Unlike other books in the field that focus primarily on model development or deployment pipelines, "Machine Learning in Production" takes a holistic, system-level approach that integrates software engineering best practices with machine learning techniques. While MLOps tools and practices are covered extensively, they're presented as part of a broader engineering context rather than as standalone solutions. The book uniquely addresses:

A listing of the chapters titles
Organizational challenges Bridging communication gaps between data scientists and software engineers
Socio-technical considerations Addressing fairness, accountability, and transparency in ML systems
Practical implementation Converting theoretical principles into working systems
Responsible AI Ensuring ML systems are designed with ethical considerations from the ground up—dedicating seven full chapters to safety, security, fairness, interpretability, and accountability
Engineering techniques Applying established software engineering methods like fault tree analysis and hazard analysis to manage ML uncertainty

This comprehensive approach aligns with S3D's interdisciplinary focus and commitment to studying the bigger picture of computing in context.

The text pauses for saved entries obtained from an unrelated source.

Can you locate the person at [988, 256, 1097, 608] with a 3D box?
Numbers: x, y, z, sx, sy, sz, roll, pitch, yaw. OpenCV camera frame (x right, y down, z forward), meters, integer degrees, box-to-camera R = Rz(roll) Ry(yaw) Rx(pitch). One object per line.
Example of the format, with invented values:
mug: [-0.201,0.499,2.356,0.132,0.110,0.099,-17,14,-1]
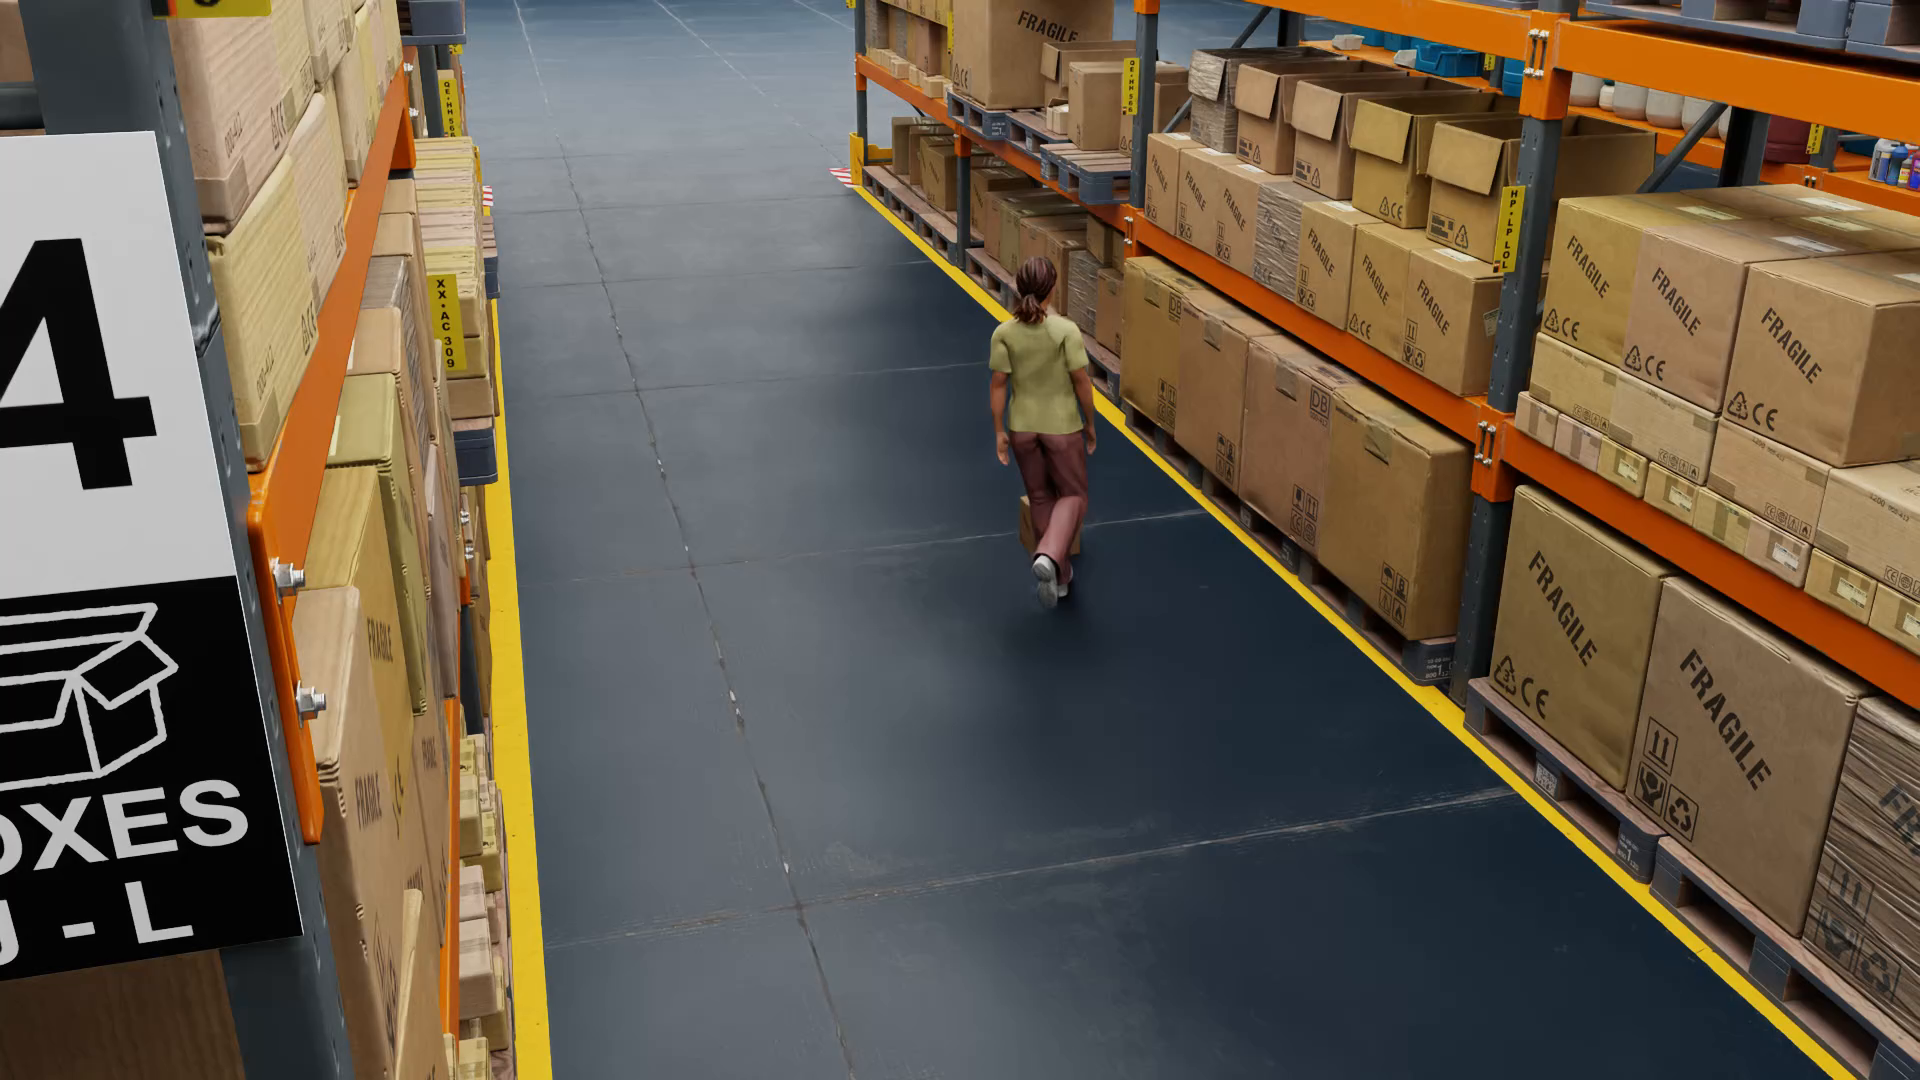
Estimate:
person: [0.369,-0.476,7.695,0.491,1.658,0.678,7,24,15]

Availability and Resources

"Machine Learning in Production: From Models to Products" is available through MIT Press and major retailers in both hardcover ($85) and ebook formats. In keeping with Kästner's commitment to open education, the book is also available as an open-access resource under a Creative Commons license.

The complete book, along with supplementary materials including slides, assignments, and an annotated bibliography, is available at https://mlip-cmu.github.io/book/ .

Related S3D Research and Initiatives

This publication complements ongoing research initiatives within S3D, including work on software architecture, program analysis, and complex socio-technical systems. The department's focus on both foundational and applied projects creates an environment where technical expertise meets real-world application—precisely the approach advocated in Kästner's book.

The book also serves as a valuable resource for S3D's master's programs in Software Engineering (MSE) and Privacy Engineering (MSIT-PE), both of which emphasize the practical application of technical knowledge to address societal challenges.


About Christian Kästner: Christian Kästner is an Associate Professor of Computer Science at Carnegie Mellon University and serves as the director of the Software Engineering PhD program in the Software and Societal Systems Department. His research focuses on building reliable, explainable software systems, especially those incorporating artificial intelligence components. With over 250 research publications and 12,000+ citations, his work spans software engineering, program analysis, and the intersection of AI and software systems. Kästner is particularly interested in understanding the limits of modularity and complexity in variability in software systems and bridging the gap between data scientists and software engineers.

Editor's Note: The Software and Societal Systems Department (S3D) at Carnegie Mellon University explores the vital intersection where software, systems, and society converge. Our interdisciplinary approach allows us to tackle a broad spectrum of research areas, developing tools, policies, and methods that address large-scale societal problems.